*** Begin section ***

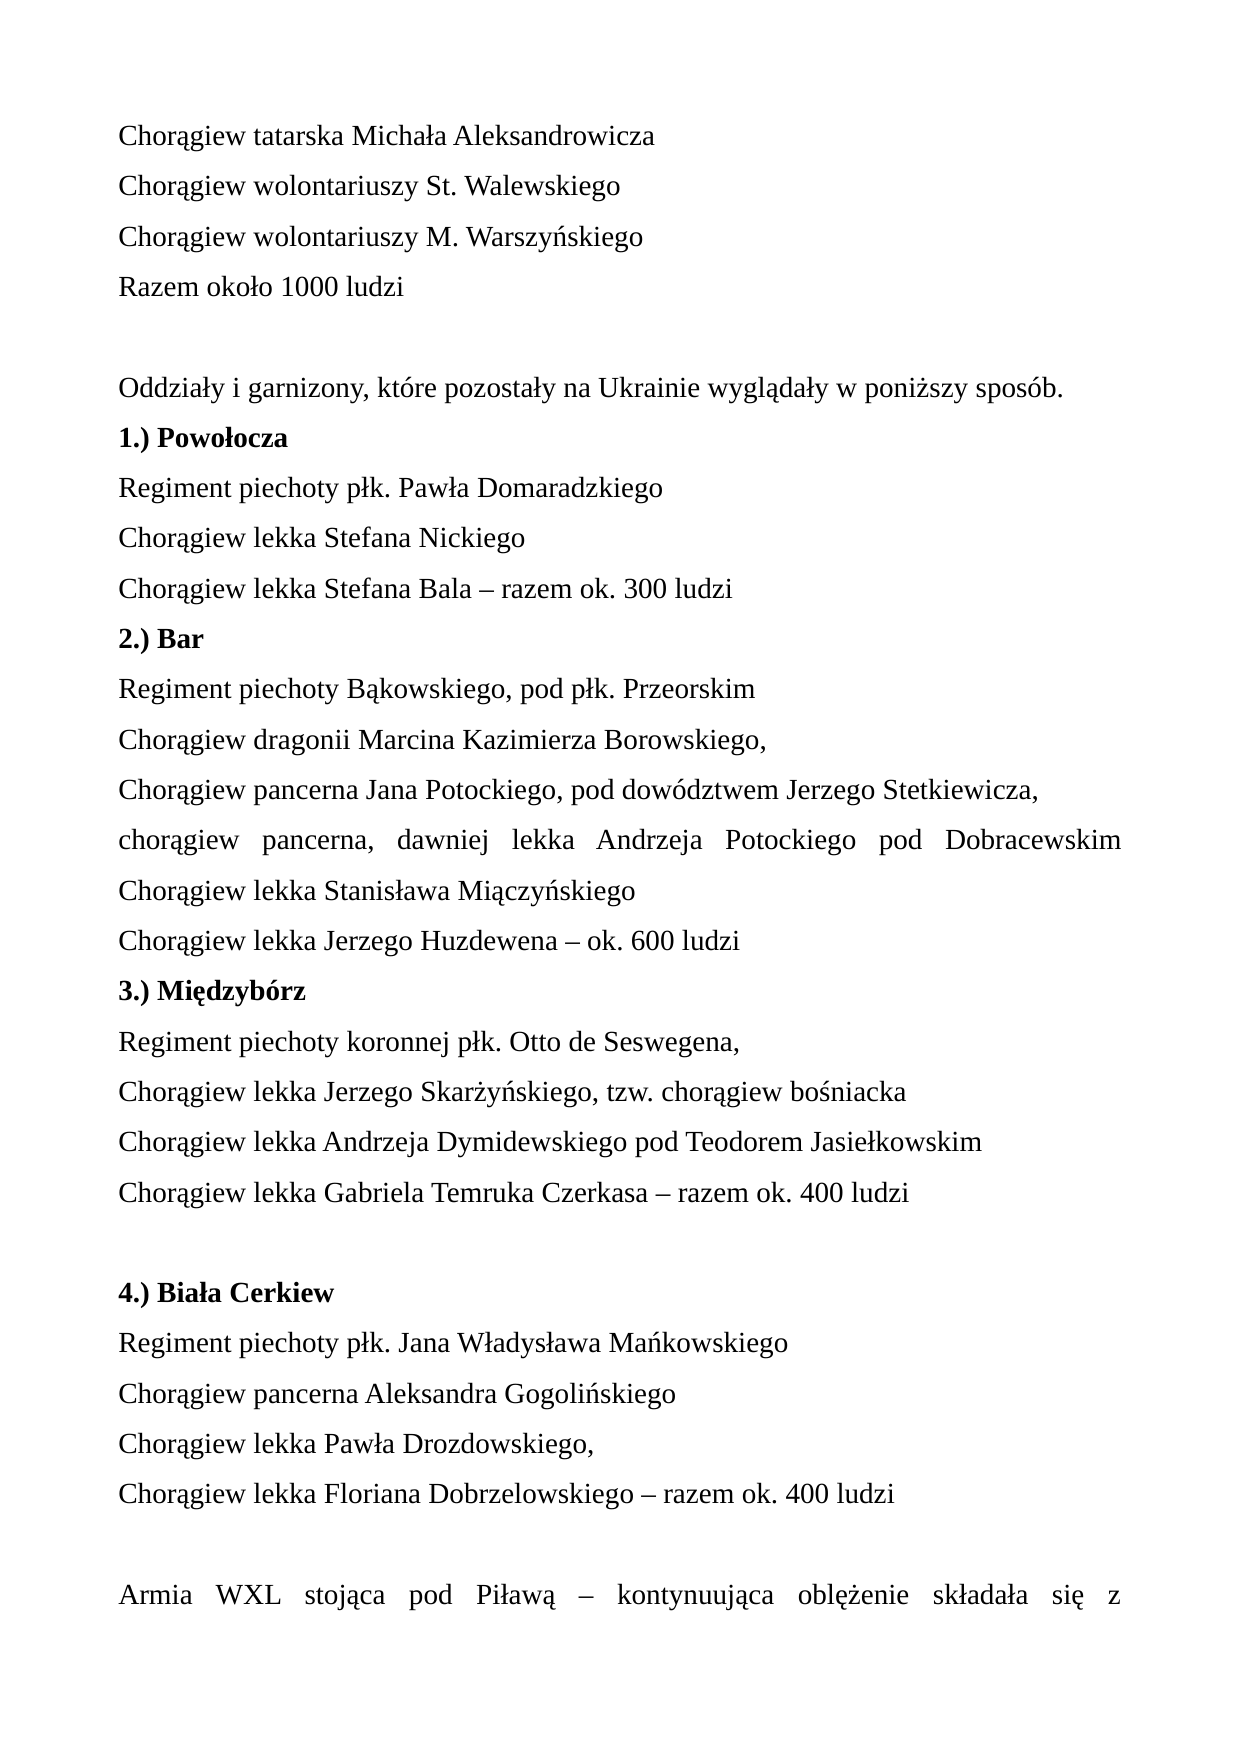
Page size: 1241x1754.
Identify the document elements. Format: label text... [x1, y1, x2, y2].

text Regiment piechoty płk. Jana Władysława Mańkowskiego [118, 1326, 1122, 1359]
text Oddziały i garnizony, które pozostały na Ukrainie wyglądały w poniższy sposób. [118, 370, 1122, 403]
text Chorągiew wolontariuszy M. Warszyńskiego [118, 219, 1122, 252]
text Chorągiew pancerna Jana Potockiego, pod dowództwem Jerzego Stetkiewicza, [118, 772, 1122, 806]
text Chorągiew lekka Andrzeja Dymidewskiego pod Teodorem Jasiełkowskim [118, 1124, 1122, 1158]
text 1.) Powołocza [118, 420, 1122, 453]
text Chorągiew tatarska Michała Aleksandrowicza [118, 118, 1122, 152]
text Regiment piechoty płk. Pawła Domaradzkiego [118, 470, 1122, 504]
text Razem około 1000 ludzi [118, 269, 1122, 303]
text 2.) Bar [118, 621, 1122, 655]
text Regiment piechoty Bąkowskiego, pod płk. Przeorskim [118, 672, 1122, 705]
text Chorągiew lekka Jerzego Skarżyńskiego, tzw. chorągiew bośniacka [118, 1074, 1122, 1108]
text Chorągiew lekka Pawła Drozdowskiego, [118, 1426, 1122, 1460]
text Armia WXL stojąca pod Piławą – kontynuująca oblężenie składała się z [118, 1577, 1122, 1611]
text Chorągiew lekka Floriana Dobrzelowskiego – razem ok. 400 ludzi [118, 1477, 1122, 1510]
text Chorągiew wolontariuszy St. Walewskiego [118, 168, 1122, 202]
text Chorągiew dragonii Marcina Kazimierza Borowskiego, [118, 722, 1122, 755]
text Chorągiew lekka Gabriela Temruka Czerkasa – razem ok. 400 ludzi [118, 1175, 1122, 1208]
text chorągiew pancerna, dawniej lekka Andrzeja Potockiego pod Dobracewskim Chorągiew lekka Stanisława Miączyńskiego [118, 822, 1122, 906]
text 4.) Biała Cerkiew [118, 1275, 1122, 1309]
text Chorągiew lekka Stefana Nickiego [118, 521, 1122, 554]
text Chorągiew pancerna Aleksandra Gogolińskiego [118, 1376, 1122, 1409]
text Regiment piechoty koronnej płk. Otto de Seswegena, [118, 1024, 1122, 1057]
text Chorągiew lekka Jerzego Huzdewena – ok. 600 ludzi [118, 923, 1122, 957]
text Chorągiew lekka Stefana Bala – razem ok. 300 ludzi [118, 571, 1122, 604]
text 3.) Międzybórz [118, 973, 1122, 1007]
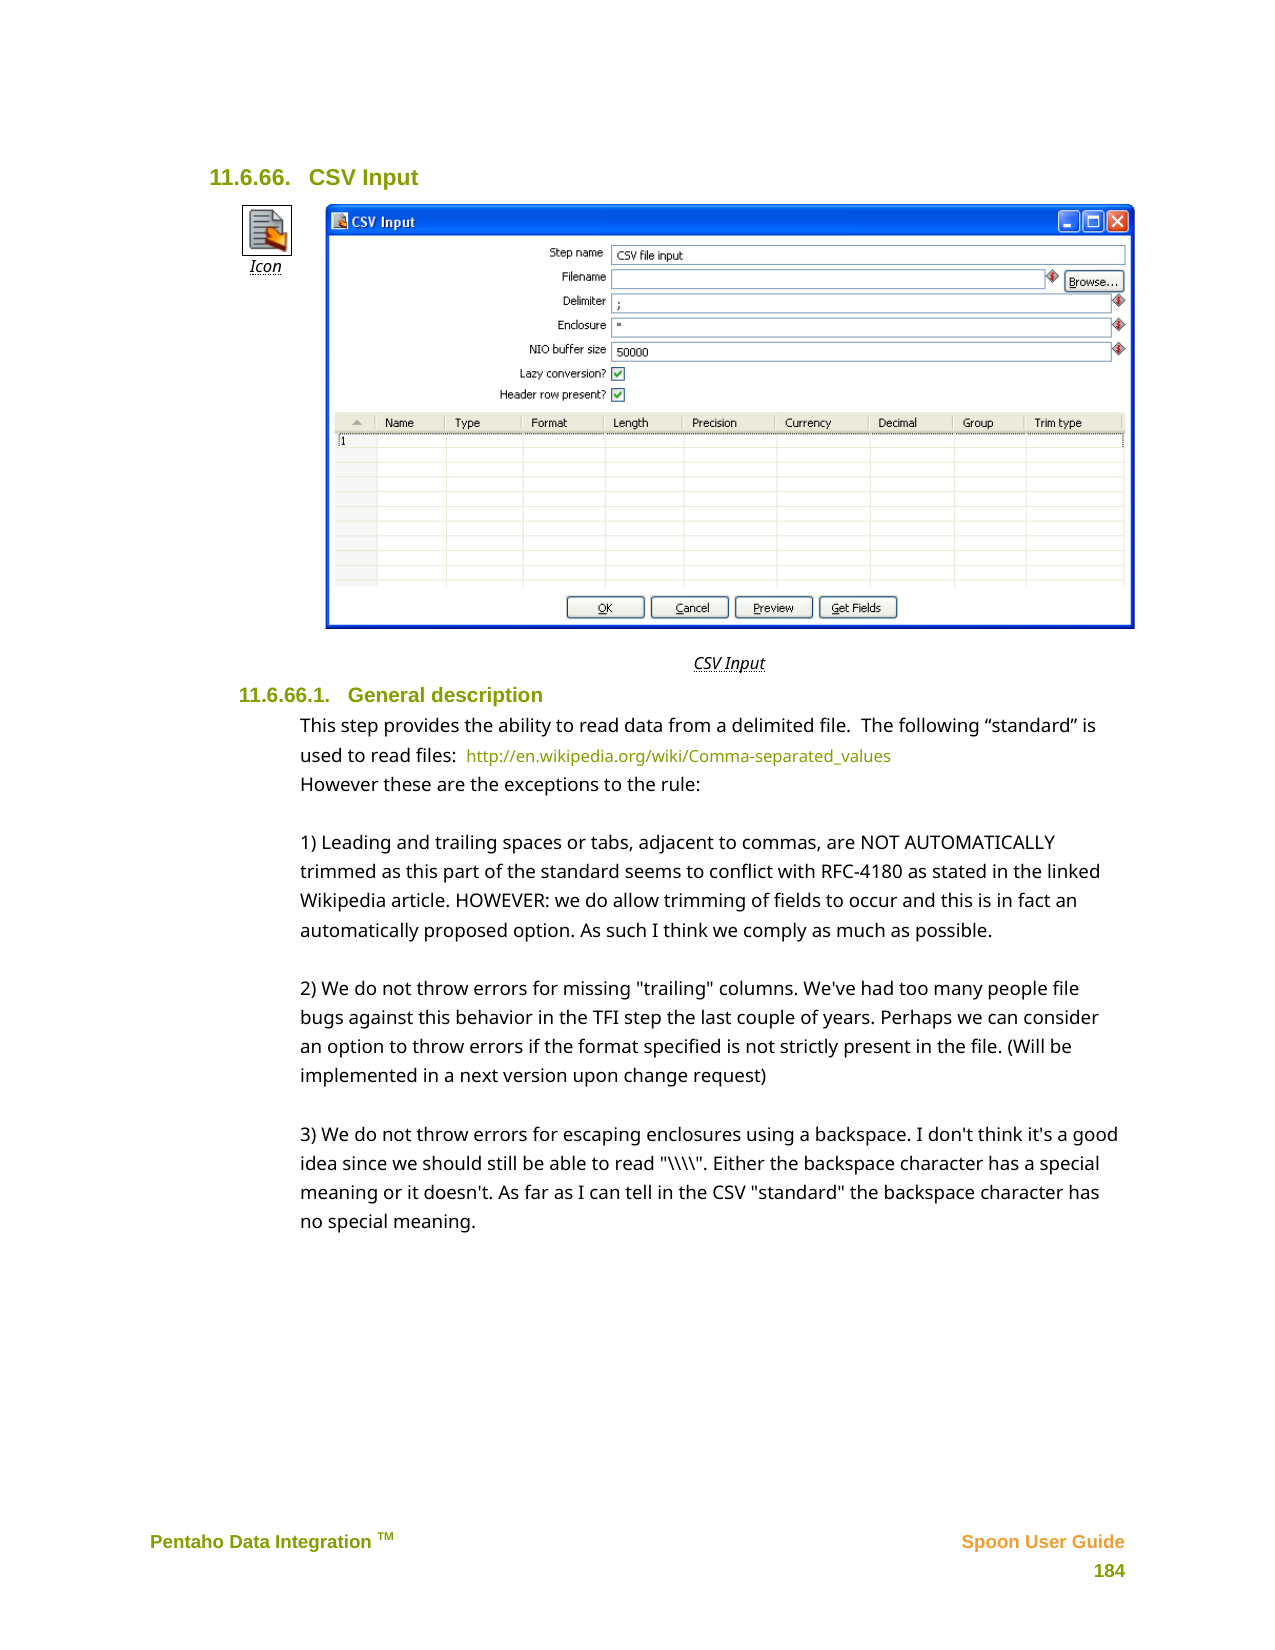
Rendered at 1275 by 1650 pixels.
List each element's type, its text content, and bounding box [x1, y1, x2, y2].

text CSV Input [326, 651, 1135, 674]
picture [325, 204, 1135, 629]
text 1) Leading and trailing spaces or tabs, adjacent to commas, are NOT AUTOMATICALLY trimmed as this part of the standard seems to conflict with RFC-4180 as stated in the linked Wikipedia article. HOWEVER: we do allow trimming of fields to occur and this is in fact an automatically proposed option. As such I think we comply as much as possible. 2) We do not throw errors for missing "trailing" columns. We've had too many people file bugs against this behavior in the TFI step the last couple of years. Perhaps we can consider an option to throw errors if the format specified is not strictly present in the file. (Will be implemented in a next version upon change request) 3) We do not throw errors for escaping enclosures using a backspace. I don't think it's a good idea since we should still be able to read "\\\\". Either the backspace character has a special meaning or it doesn't. As far as I can tell in the CSV "standard" the backspace character has no special meaning. [300, 826, 1125, 1234]
picture [244, 208, 289, 252]
text However these are the exceptions to the rule: [300, 768, 1125, 797]
subtitle General description [239, 661, 1125, 709]
text This step provides the ability to read data from a delimited file. The following “standard” is used to read files: http://en.wikipedia.org/wiki/Comma-separated_values [300, 709, 1125, 768]
text Icon [241, 206, 292, 278]
subtitle CSV Input [209, 157, 1125, 192]
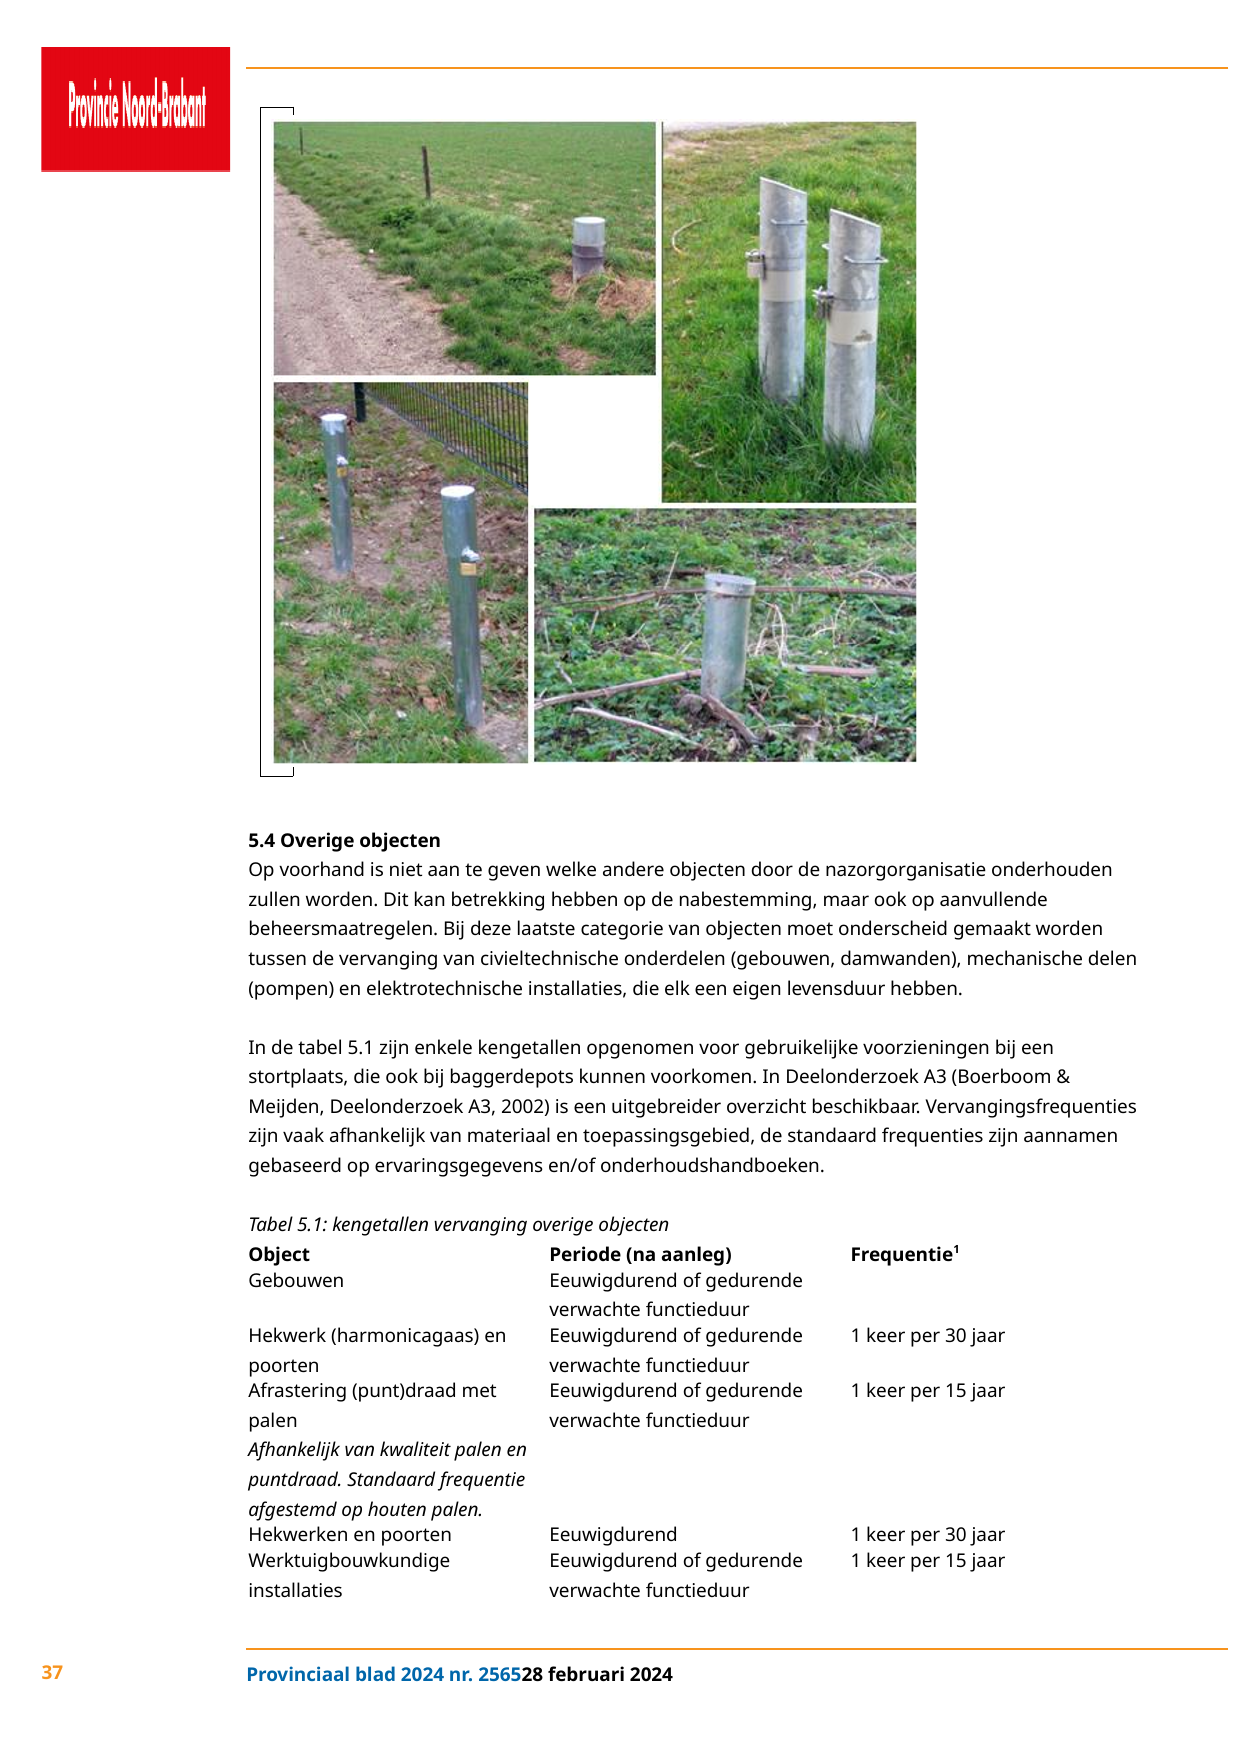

*** End section ***

▶ What needs to be done
Above are some records. Output exactly the lines from the one that contains "text Chorągiew pancerna Jana" to the one that contains "picture [325, 204, 1135, 629]", keeping both, and omit the pictures.

▶ Written solution
text Chorągiew pancerna Jana Potockiego, pod dowództwem Jerzego Stetkiewicza, [118, 772, 1122, 806]
text Chorągiew lekka Andrzeja Dymidewskiego pod Teodorem Jasiełkowskim [118, 1124, 1122, 1158]
text 1.) Powołocza [118, 420, 1122, 453]
text Chorągiew tatarska Michała Aleksandrowicza [118, 118, 1122, 152]
text Regiment piechoty płk. Pawła Domaradzkiego [118, 470, 1122, 504]
text Razem około 1000 ludzi [118, 269, 1122, 303]
text 2.) Bar [118, 621, 1122, 655]
text Regiment piechoty Bąkowskiego, pod płk. Przeorskim [118, 672, 1122, 705]
text Chorągiew lekka Jerzego Skarżyńskiego, tzw. chorągiew bośniacka [118, 1074, 1122, 1108]
text Chorągiew lekka Pawła Drozdowskiego, [118, 1426, 1122, 1460]
text Armia WXL stojąca pod Piławą – kontynuująca oblężenie składała się z [118, 1577, 1122, 1611]
text Chorągiew lekka Floriana Dobrzelowskiego – razem ok. 400 ludzi [118, 1477, 1122, 1510]
text Chorągiew wolontariuszy St. Walewskiego [118, 168, 1122, 202]
text Chorągiew dragonii Marcina Kazimierza Borowskiego, [118, 722, 1122, 755]
text Chorągiew lekka Gabriela Temruka Czerkasa – razem ok. 400 ludzi [118, 1175, 1122, 1208]
text chorągiew pancerna, dawniej lekka Andrzeja Potockiego pod Dobracewskim Chorągiew lekka Stanisława Miączyńskiego [118, 822, 1122, 906]
text 4.) Biała Cerkiew [118, 1275, 1122, 1309]
text Chorągiew lekka Stefana Nickiego [118, 521, 1122, 554]
text Chorągiew pancerna Aleksandra Gogolińskiego [118, 1376, 1122, 1409]
text Regiment piechoty koronnej płk. Otto de Seswegena, [118, 1024, 1122, 1057]
text Chorągiew lekka Jerzego Huzdewena – ok. 600 ludzi [118, 923, 1122, 957]
text Chorągiew lekka Stefana Bala – razem ok. 300 ludzi [118, 571, 1122, 604]
text 3.) Międzybórz [118, 973, 1122, 1007]
Rendered at 1275 by 1650 pixels.
List each element's type, its text content, and bounding box [x1, y1, x2, y2].

text CSV Input [326, 651, 1135, 674]
picture [325, 204, 1135, 629]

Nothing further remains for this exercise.